* Data
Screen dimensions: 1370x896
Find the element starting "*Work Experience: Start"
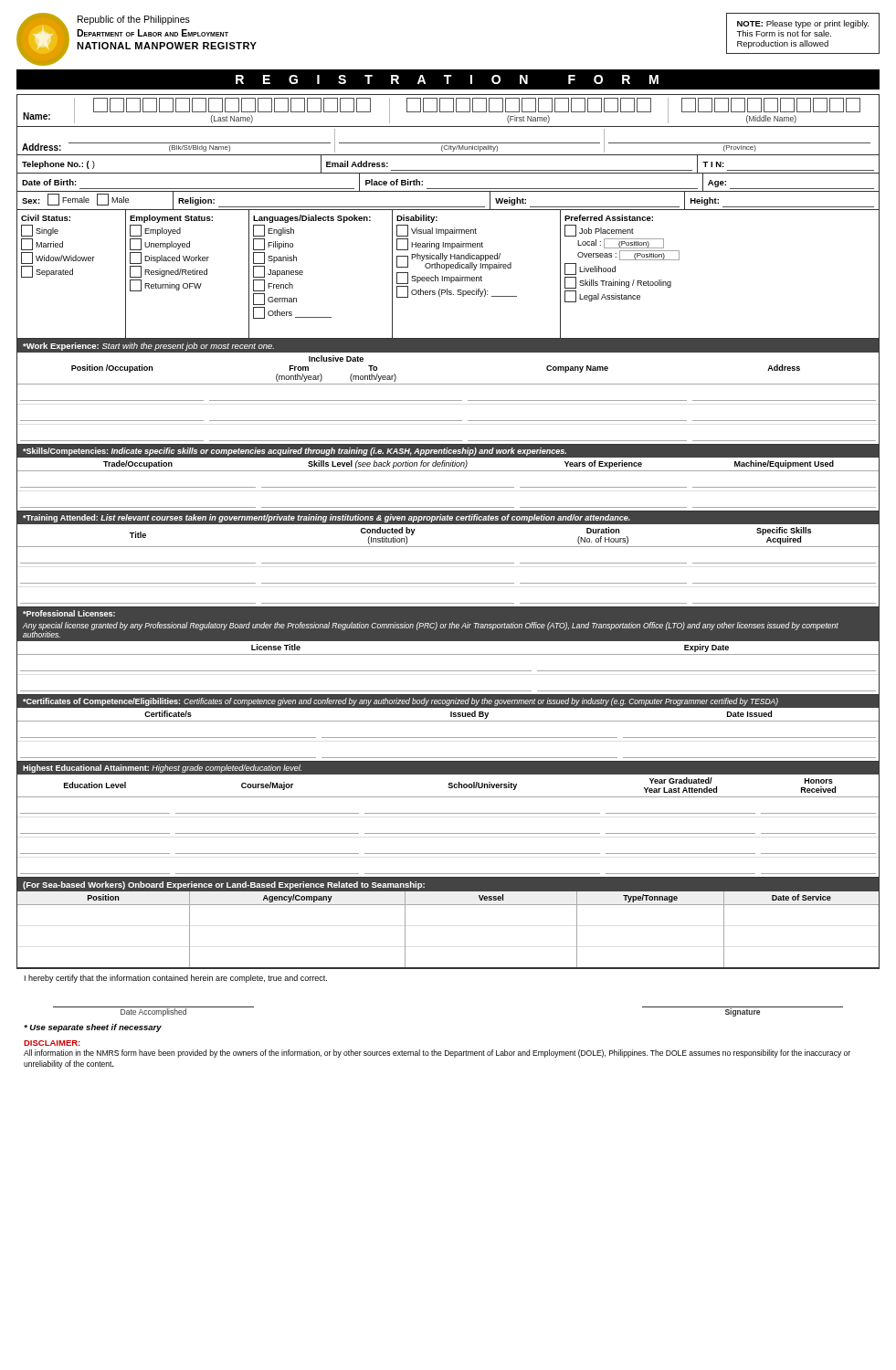149,346
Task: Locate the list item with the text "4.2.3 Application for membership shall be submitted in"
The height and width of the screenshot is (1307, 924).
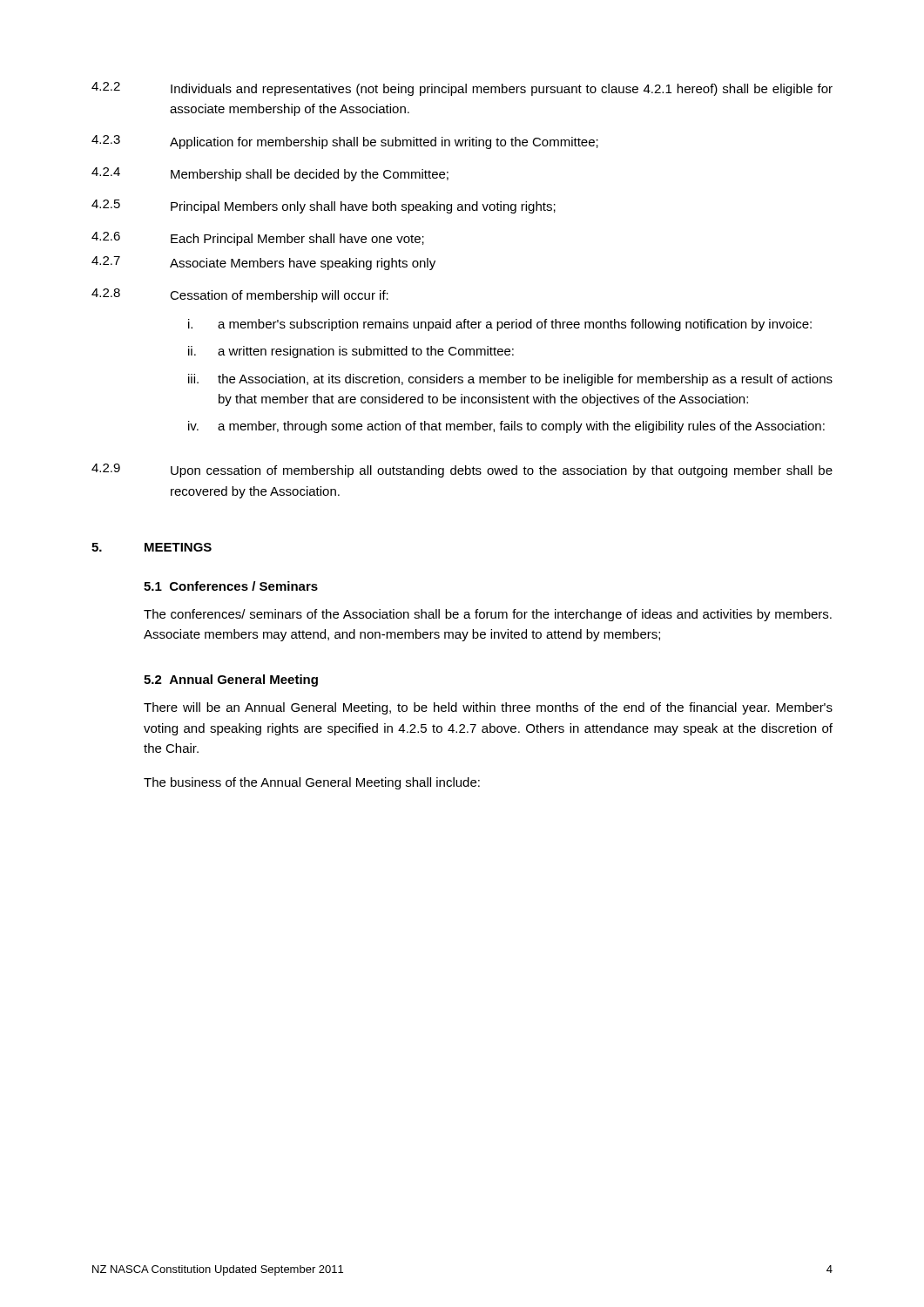Action: 462,141
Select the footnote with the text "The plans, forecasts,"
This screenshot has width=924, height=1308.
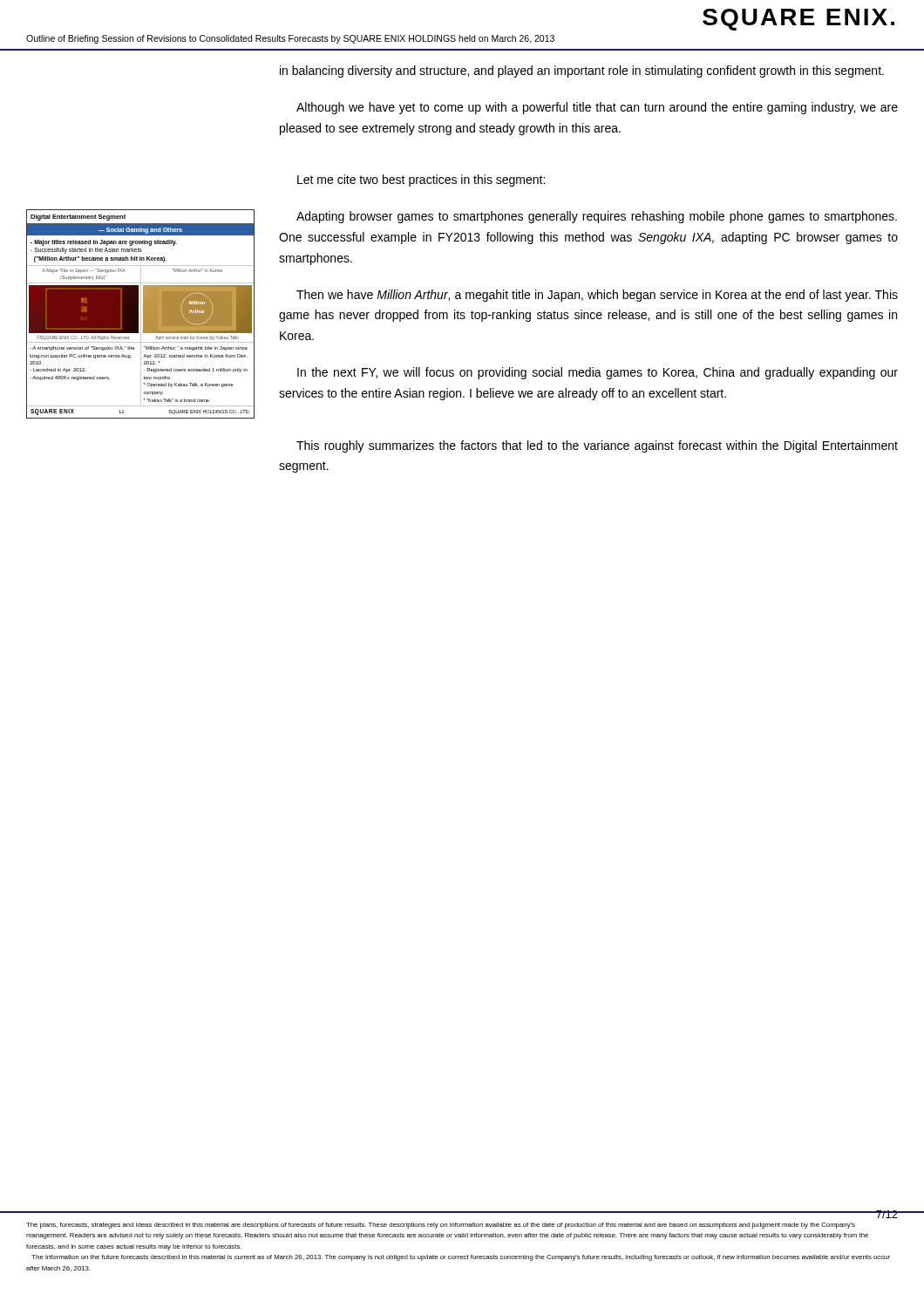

* Task details
Whatever pictures the entries contain, omit them, and write the rest out exactly.

* Exercise solution
Screen dimensions: 1370x896
Find the element starting "*Work Experience: Start"
149,346
Task: Locate the list item with the text "4.2.3 Application for membership shall be submitted in"
The height and width of the screenshot is (1307, 924).
Action: 462,141
Select the footnote with the text "The plans, forecasts,"
This screenshot has width=924, height=1308.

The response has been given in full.